O mais engraçado é que nunca tivemos uma conversa... normal.
E nem nos conhecemos... direito.

Hortêncio* virou literatura. Era maleável como um folha de papel molhada. E numa folha pode caber o infinito e um pouco mais. Ele dizia que isso o excitava e o fazia pular freneticamente com suas tranças azuis. Era um rapaz curioso, e pensava em coisas muito esquisitonas. Seus braços já não eram aqueles do nascimento: tinham sofrido mudanças significativas depois de sua saga a um Universo muito próximo. Agora estava planejando algo revolucionário.

(...)

De fato, concluiu que o amor atuava como um acelerador do tempo. Quando sentia um tesão emocional, parece que o mundo se tornava leve como brisa; a boca se encancarava com os dentes para fora, e o peito inflava sôfrego. Era bom lembrar de seu nome e suas vertentes, afinal, havia dias que se encontrava em um local desconhecido, onde ninguém o chamava. Tampouco ouvia a própria voz, a não ser os urros que soltava por convivência com criaturas distintas. E, como um menino franzino, olhava-se da cabeça aos pés com ternura e dizia: "Hortenciozinho, Hortêncio, Hortêncio Ortiz... Amooor... Amooor!"
Quando retornou do devaneio à luz, o seu amigo imaginário já havia encontrado caminhos para vencer o jogo. Venceu, levantou os braços e sumiu; Hortêncio nem se importou. Não se importava com jogos! Pensava, deitado, reflexivo e calmo sobre a última vez em que sentira o amor tomar conta de si. Nesse momento, um fruto de uma árvore estranha caiu em sua barriga. Nunca havia visto fruto igual; pegou-o com destreza, e jogou-o ao ar três vezes. Depois segurou-o levemente, movendo-o de uma mão para outra, e pôs-se a dizer:
- É... é só o amor!


* Nome alterado, porque ele nem sabe que estou publicando isso. Não que se importasse. Ele é a pessoa mais excêntrica e tranqüila que já vi passar à frente de meus olhos.
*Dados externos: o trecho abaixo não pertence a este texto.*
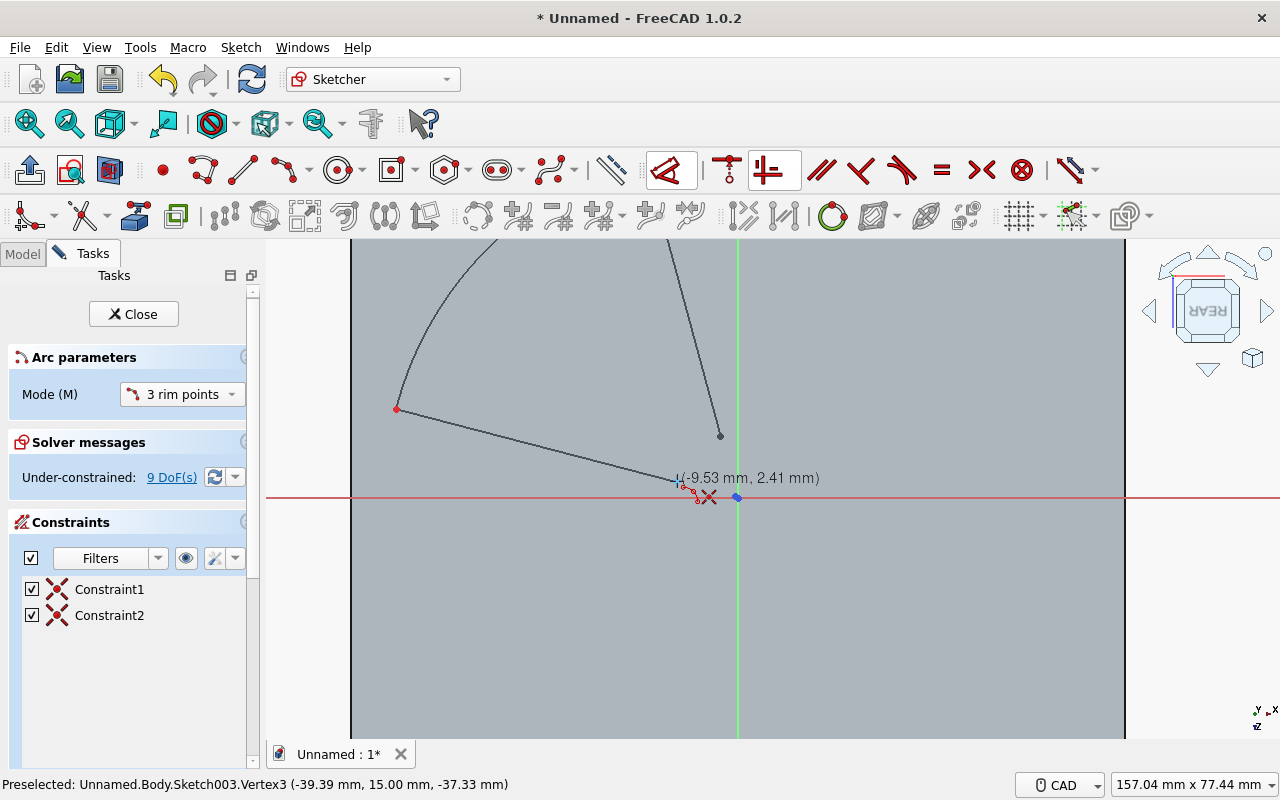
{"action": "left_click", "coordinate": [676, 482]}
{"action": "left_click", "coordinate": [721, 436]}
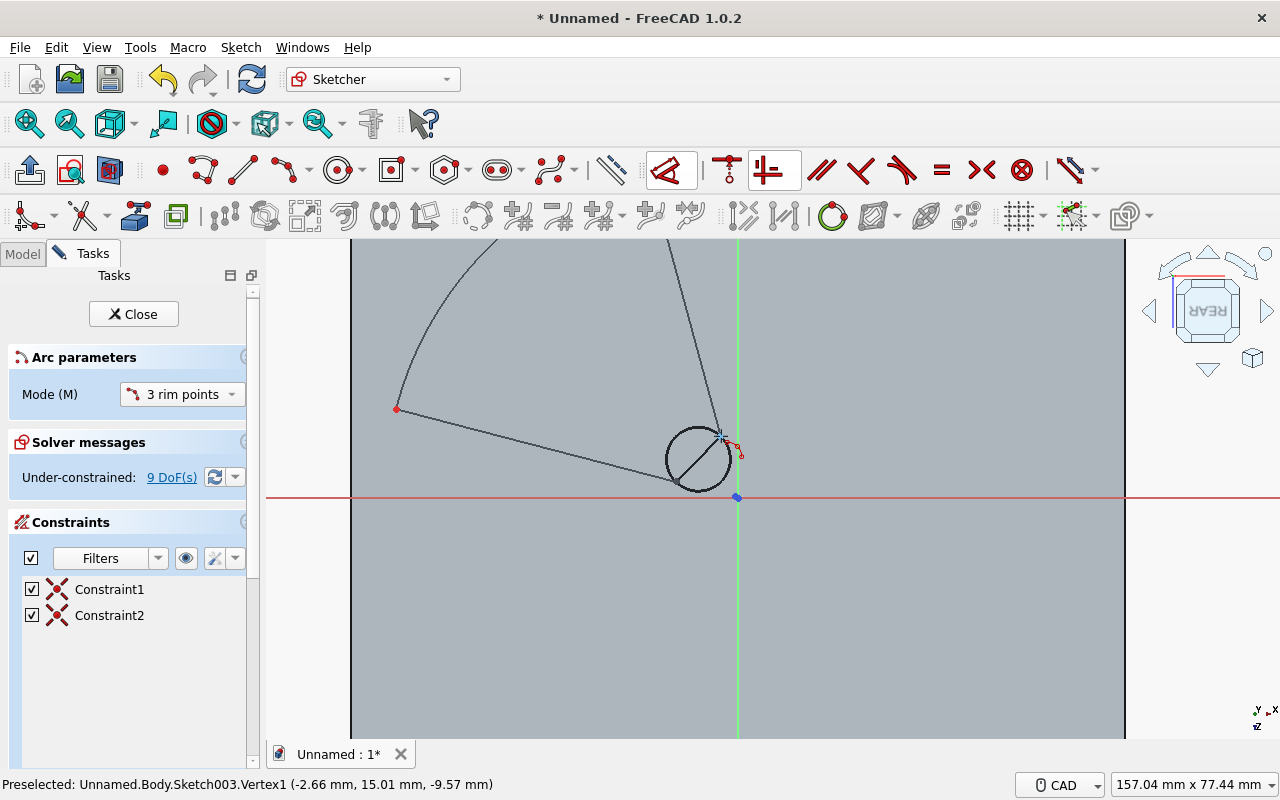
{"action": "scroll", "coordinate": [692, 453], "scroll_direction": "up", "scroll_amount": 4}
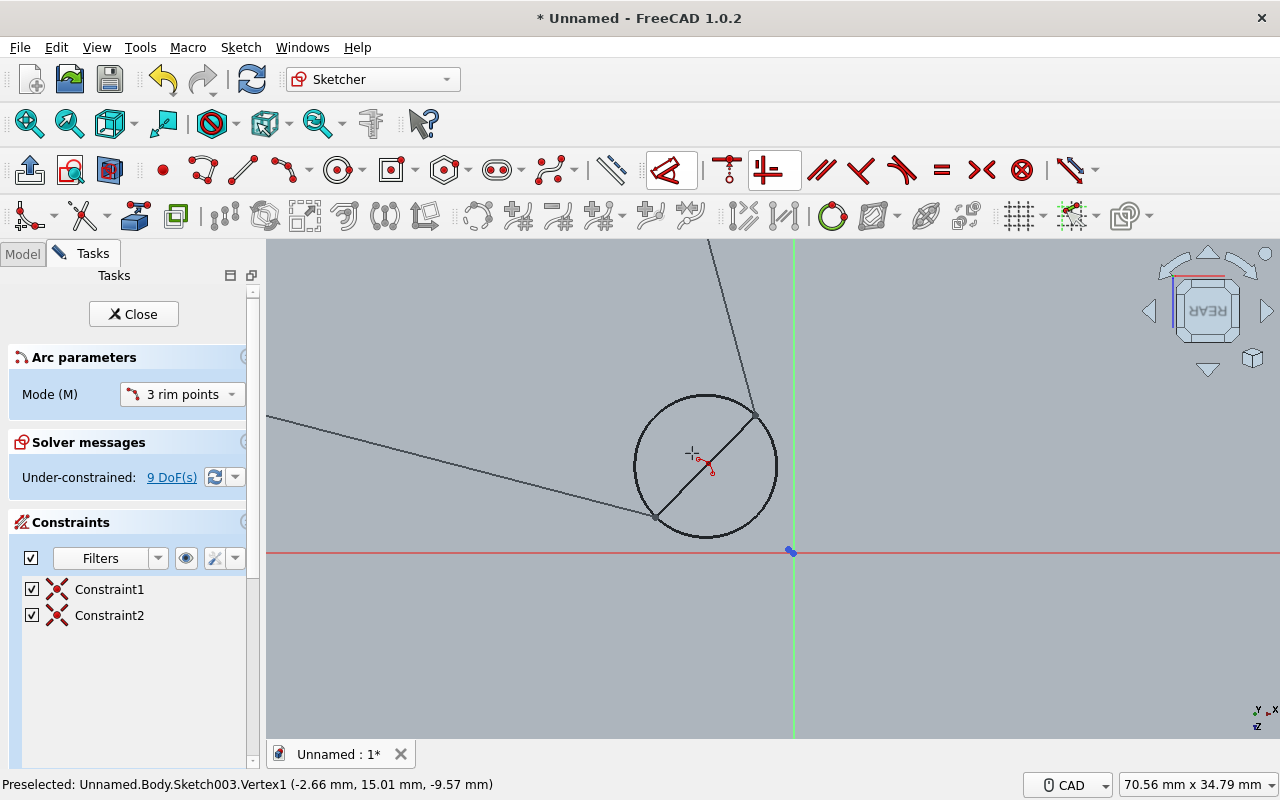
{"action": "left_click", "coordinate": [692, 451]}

P.S.: Acabei apagando a história, era muiiiita coisa. E ninguém ia ler.
Então, ficou essas partes desconexas. Mas que eu gosto, e as duas eu que escrevi, rs.

Tuesday, January 06, 2009

O Vereador Japonês

Era um morto de terno. De terno, o terno para sempre, com a diferença que agora a roupa maquiava-o de seu corpo dilacerado, despedaçado, multifacetado de tripas e sangue, prato dos deuses para os vermes - escondia o pinto murchinho pendido pra esquerda, e não mais sua falta de integridade.